To the barefoot boy tramping two and a half miles home from the golf course, the lightning bugs looked like ghosts. They would go with him to all the big cities of the world. “I never got tired of walking up that road,” he said. “I just got tired of walking up that road broke.”
In 1999, behind the home in Houston where Sanders lived with a white cat, I stayed in his guesthouse, a tired place with old bedding where at different times Frank Sinatra, Dean Martin. and Spiro Agnew slept. In Doug’s living room, I told him my Julius Boros story. Setting a record for non sequiturs, he immediately launched into an account of how he and a girl from the seventh grade made love stand
ing up behind a Hammond Map of the World after the teacher left the classroom.
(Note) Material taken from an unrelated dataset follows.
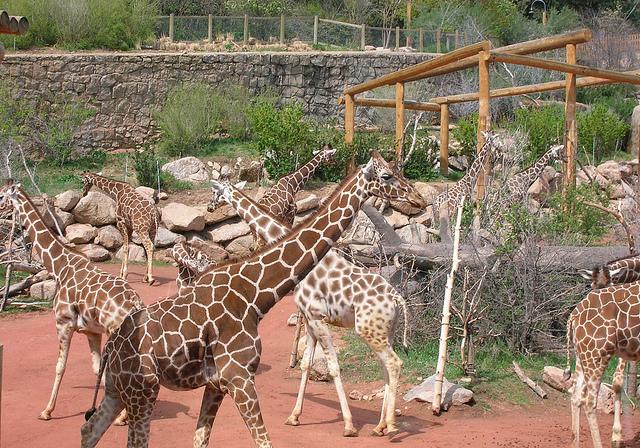How many giraffes are there?
Quick response, please. 10. What continent are these animals native to?
Give a very brief answer. Africa. How many of the giraffes are facing the right side?
Be succinct. 3. Are the giraffes in an enclosure?
Keep it brief. Yes.

He didn’t get the message.
“I arrived at the Country Club at Brookline in nineteen sixty-three,” Palmer said, “imbued with all things Francis Ouimet, just as the USGA intended.” Fifty years earlier, Ouimet, a 20-year-old amateur (and commoner) who resided on Clyde Street across the way from the 17th hole, defeated the British aristocracy, Harry Vardon and Ted Ray, in an 18-hole playoff that redrew the economic image of golf and redefined amateurism. Ouimet and his 10-year-old caddie, Eddie Lowery, became the new image of the sport and, eventually, a postage stamp. “Then, wouldn’t you know it?” Palmer said. “For the first time in the history of the U.S. Open, not one amateur made the cut.”
The defending champion, Nicklaus, missed it, too. Invited into the press tent Thursday, Jack opened the questioning by asking a question of his own: “What do you guys want to know from a seventy-six shooter?”
“Nicklaus or myself might have been the Las Vegas favorite,” Palmer said, “but the players saw Boros coming from a great distance that spring. He had won at Colonial with an amazing score for Colonial—what was it? [279]—and the Buick at Grand Blanc [Mich.] with an even more impressive total [274]. There were some in the locker room who thought those four rounds of golf could well have been the best ever played. But I liked Brookline and my chances. Old-style driving course. Small greens. And I had just won a playoff with Paul Harney in the Thunderbird Classic at another old-style, tree-lined course, Westchester.”